───── RECORDS FOR PROCESSING
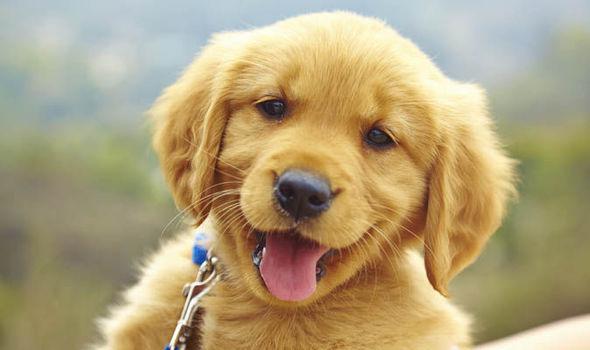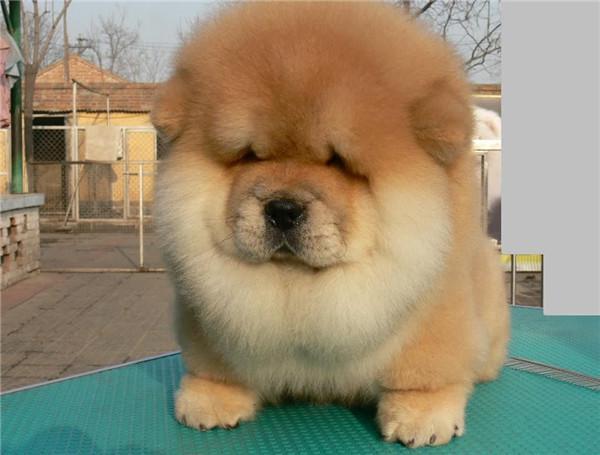The first image is the image on the left, the second image is the image on the right. Given the left and right images, does the statement "A chow dog is shown standing on brick." hold true? Answer yes or no. No. 
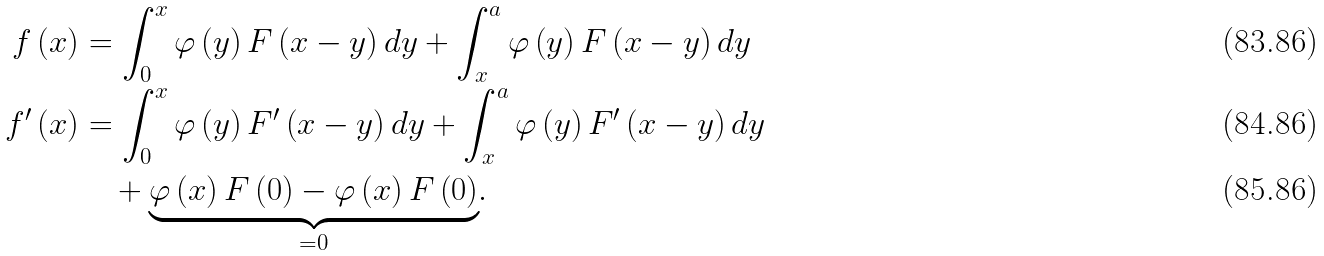<formula> <loc_0><loc_0><loc_500><loc_500>f \left ( x \right ) & = \int _ { 0 } ^ { x } \varphi \left ( y \right ) F \left ( x - y \right ) d y + \int _ { x } ^ { a } \varphi \left ( y \right ) F \left ( x - y \right ) d y \\ f ^ { \prime } \left ( x \right ) & = \int _ { 0 } ^ { x } \varphi \left ( y \right ) F ^ { \prime } \left ( x - y \right ) d y + \int _ { x } ^ { a } \varphi \left ( y \right ) F ^ { \prime } \left ( x - y \right ) d y \\ & \quad + \underset { = 0 } { \underbrace { \varphi \left ( x \right ) F \left ( 0 \right ) - \varphi \left ( x \right ) F \left ( 0 \right ) } } .</formula> 
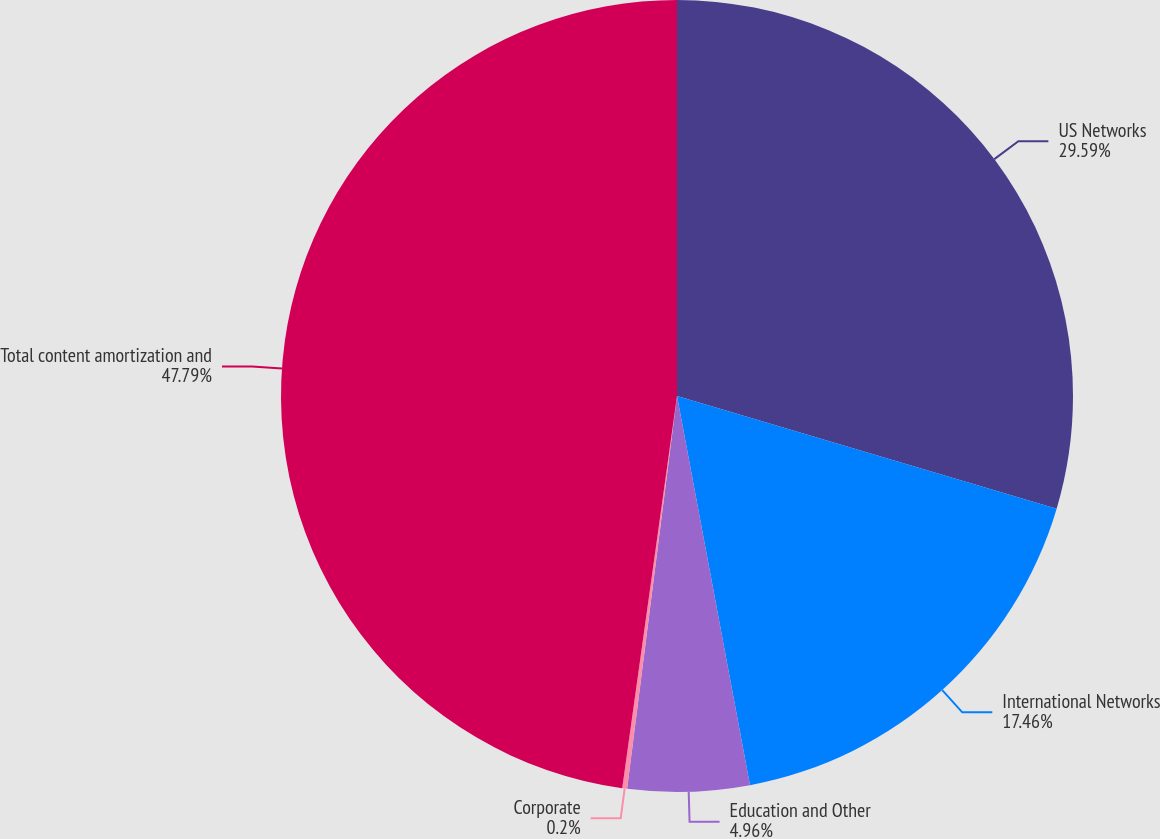<chart> <loc_0><loc_0><loc_500><loc_500><pie_chart><fcel>US Networks<fcel>International Networks<fcel>Education and Other<fcel>Corporate<fcel>Total content amortization and<nl><fcel>29.59%<fcel>17.46%<fcel>4.96%<fcel>0.2%<fcel>47.79%<nl></chart> 
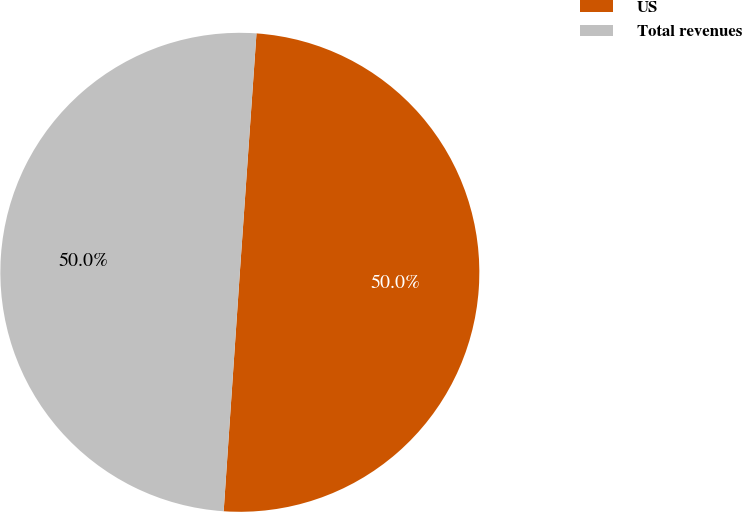<chart> <loc_0><loc_0><loc_500><loc_500><pie_chart><fcel>US<fcel>Total revenues<nl><fcel>49.97%<fcel>50.03%<nl></chart> 
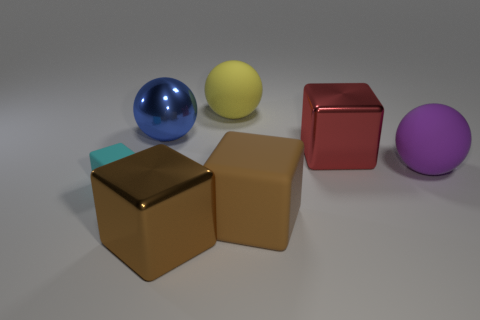There is a blue shiny sphere; is its size the same as the cube that is on the left side of the blue sphere?
Provide a succinct answer. No. What is the color of the rubber block that is the same size as the purple rubber sphere?
Ensure brevity in your answer.  Brown. What size is the red block?
Your response must be concise. Large. Is the material of the large yellow sphere to the right of the brown shiny cube the same as the purple object?
Your answer should be very brief. Yes. Does the blue thing have the same shape as the big red object?
Ensure brevity in your answer.  No. There is a rubber object that is behind the large rubber ball in front of the matte thing behind the blue shiny thing; what shape is it?
Ensure brevity in your answer.  Sphere. There is a rubber thing that is left of the large brown shiny object; is it the same shape as the matte object behind the big purple rubber object?
Your response must be concise. No. Are there any yellow spheres made of the same material as the small cube?
Ensure brevity in your answer.  Yes. What is the color of the rubber cube that is on the right side of the matte thing to the left of the large brown metal cube in front of the large purple thing?
Offer a terse response. Brown. Is the cube that is behind the cyan cube made of the same material as the large blue ball that is behind the big purple object?
Provide a succinct answer. Yes.
──────────
• WHAT YOU NEED TO DO
Would you retype the listing above exactly, omitting its pictures?

• TASK RESPONSE
The first image is the image on the left, the second image is the image on the right. Given the left and right images, does the statement "A chow dog is shown standing on brick." hold true? Answer yes or no. No. 
<formula> <loc_0><loc_0><loc_500><loc_500>f \left ( x \right ) & = \int _ { 0 } ^ { x } \varphi \left ( y \right ) F \left ( x - y \right ) d y + \int _ { x } ^ { a } \varphi \left ( y \right ) F \left ( x - y \right ) d y \\ f ^ { \prime } \left ( x \right ) & = \int _ { 0 } ^ { x } \varphi \left ( y \right ) F ^ { \prime } \left ( x - y \right ) d y + \int _ { x } ^ { a } \varphi \left ( y \right ) F ^ { \prime } \left ( x - y \right ) d y \\ & \quad + \underset { = 0 } { \underbrace { \varphi \left ( x \right ) F \left ( 0 \right ) - \varphi \left ( x \right ) F \left ( 0 \right ) } } .</formula> 
<chart> <loc_0><loc_0><loc_500><loc_500><pie_chart><fcel>US Networks<fcel>International Networks<fcel>Education and Other<fcel>Corporate<fcel>Total content amortization and<nl><fcel>29.59%<fcel>17.46%<fcel>4.96%<fcel>0.2%<fcel>47.79%<nl></chart> 
<chart> <loc_0><loc_0><loc_500><loc_500><pie_chart><fcel>US<fcel>Total revenues<nl><fcel>49.97%<fcel>50.03%<nl></chart> 
There is a blue shiny sphere; is its size the same as the cube that is on the left side of the blue sphere?
Provide a succinct answer. No. What is the color of the rubber block that is the same size as the purple rubber sphere?
Ensure brevity in your answer.  Brown. What size is the red block?
Your response must be concise. Large. Is the material of the large yellow sphere to the right of the brown shiny cube the same as the purple object?
Your answer should be very brief. Yes. Does the blue thing have the same shape as the big red object?
Ensure brevity in your answer.  No. There is a rubber object that is behind the large rubber ball in front of the matte thing behind the blue shiny thing; what shape is it?
Ensure brevity in your answer.  Sphere. There is a rubber thing that is left of the large brown shiny object; is it the same shape as the matte object behind the big purple rubber object?
Your response must be concise. No. Are there any yellow spheres made of the same material as the small cube?
Ensure brevity in your answer.  Yes. What is the color of the rubber cube that is on the right side of the matte thing to the left of the large brown metal cube in front of the large purple thing?
Offer a terse response. Brown. Is the cube that is behind the cyan cube made of the same material as the large blue ball that is behind the big purple object?
Provide a succinct answer. Yes.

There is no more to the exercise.